Approximately a third of the nation’s corona patients are hospitalised for another reason, according to research carried out this week by TV2.
It visited corona wards in four of the country’s five regions, assessing 433 corona patients in total, and it found that 168 were hospitalised for another reason.
In total, 821 people are in hospital with corona – 11 more than yesterday.
Will carry on increasing
Professor Anders Perner, the chief physician at Rigshospitalet’s intensive care unit, predicts the proportion will increase to a half over the coming weeks.
“More people will be infected with coronavirus while they are hospitalised for something else. That is the development we are seeing in the intensive care units,” he told TV2.
Nevertheless, he conceded it can be hard sometimes to assess what is the determining factor for somebody’s hospitalisation.
Fewer long-lasting effects
The news follows reports that far fewer people are experiencing long-lasting effects after recovering from the Omicron variant, compared to Delta.
Only 1 percent of Omicron patients can expect to have later consequences, compared to 10 percent of those who had the Delta – a result of the latest variant being milder (affecting the upper airways as opposed to the lower ones) and people being better protected.
“We are not seeing lasting effects to the same extent as we have seen in connection with the Delta variant,” Ejvind Frausing Hansen, a head doctor at Hvidovre Hospital, told TV2.

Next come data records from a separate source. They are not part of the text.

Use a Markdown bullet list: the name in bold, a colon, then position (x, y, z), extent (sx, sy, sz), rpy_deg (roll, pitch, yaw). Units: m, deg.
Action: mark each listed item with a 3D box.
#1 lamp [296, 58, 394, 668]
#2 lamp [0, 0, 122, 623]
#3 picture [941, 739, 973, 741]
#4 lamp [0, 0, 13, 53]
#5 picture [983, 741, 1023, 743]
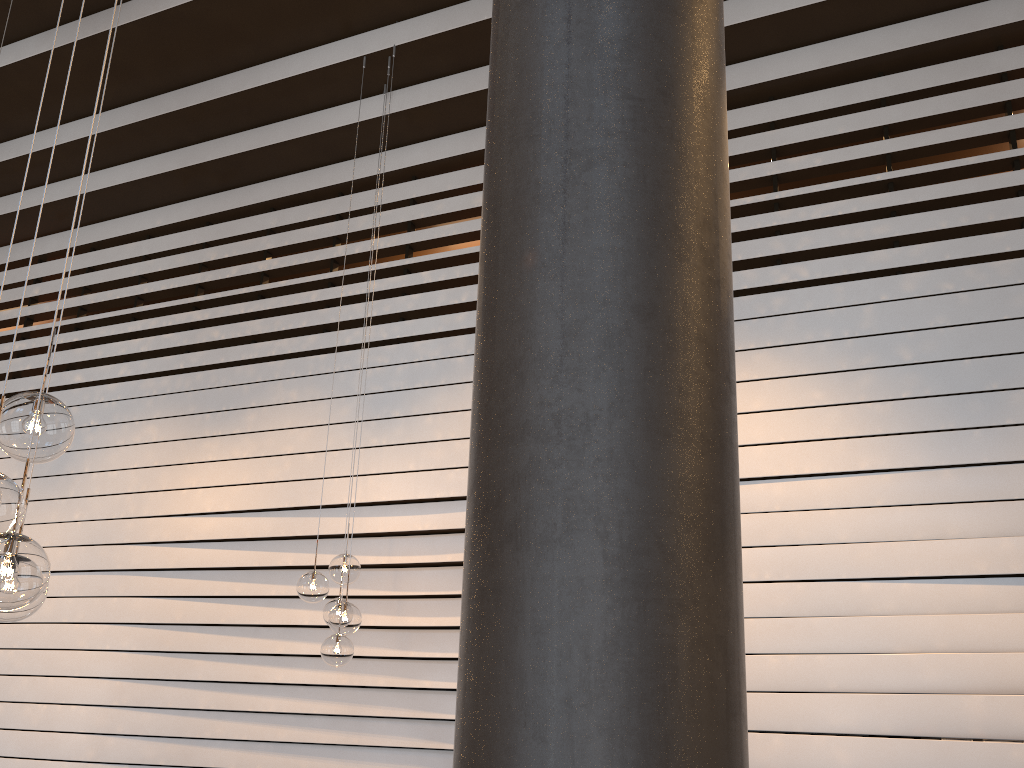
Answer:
- **lamp**: position (-0.900, -0.732, 5.186), extent (0.333, 4.576, 0.547), rpy_deg (7, -17, -15)
- **lamp**: position (4.480, -1.712, 1.812), extent (42.190, 4.485, 9.260), rpy_deg (-6, -22, 21)
- **picture**: position (3.224, 2.595, 6.386), extent (0.203, 0.255, 0.014), rpy_deg (-5, -18, 22)
- **lamp**: position (-2.961, -1.147, 4.559), extent (0.670, 4.602, 0.315), rpy_deg (-7, -19, 30)
- **picture**: position (3.500, 2.577, 6.272), extent (0.264, 0.196, 0.014), rpy_deg (-6, -18, 22)

Hansen was a contributor to recent research that demonstrated that 85 percent of corona inpatients had a minimum of one symptom four months after admission.
In other corona news:
– A record 38,759 new cases of corona have been confirmed today. In contrast, the UK’s record is 218,724 (Jan 4), but has a population of 67.22 million – over 11 times Denmark’s. Were Denmark as populated as the UK, its count would be 420,000.
– The number of hospitalised people remains manageable. Only 50 are in intensive care, and 30 on respirators. A further 16 people have died.
– The treatment guarantee will return this Friday, thus giving the public the right to be examined and receive treatment within 30 days of the request – at a public or private hospital. Some of the left-wing parties, including Enhedslisten, oppose the move, while the Danish Medical has called it “paradoxical” given the huge infection numbers.
– The European Medicines Agency has ruled it is safe for pregnant women to receive the Moderna and Pfizer vaccines. It based it finding on studies that assessed 65,000 pregnancies at various stages.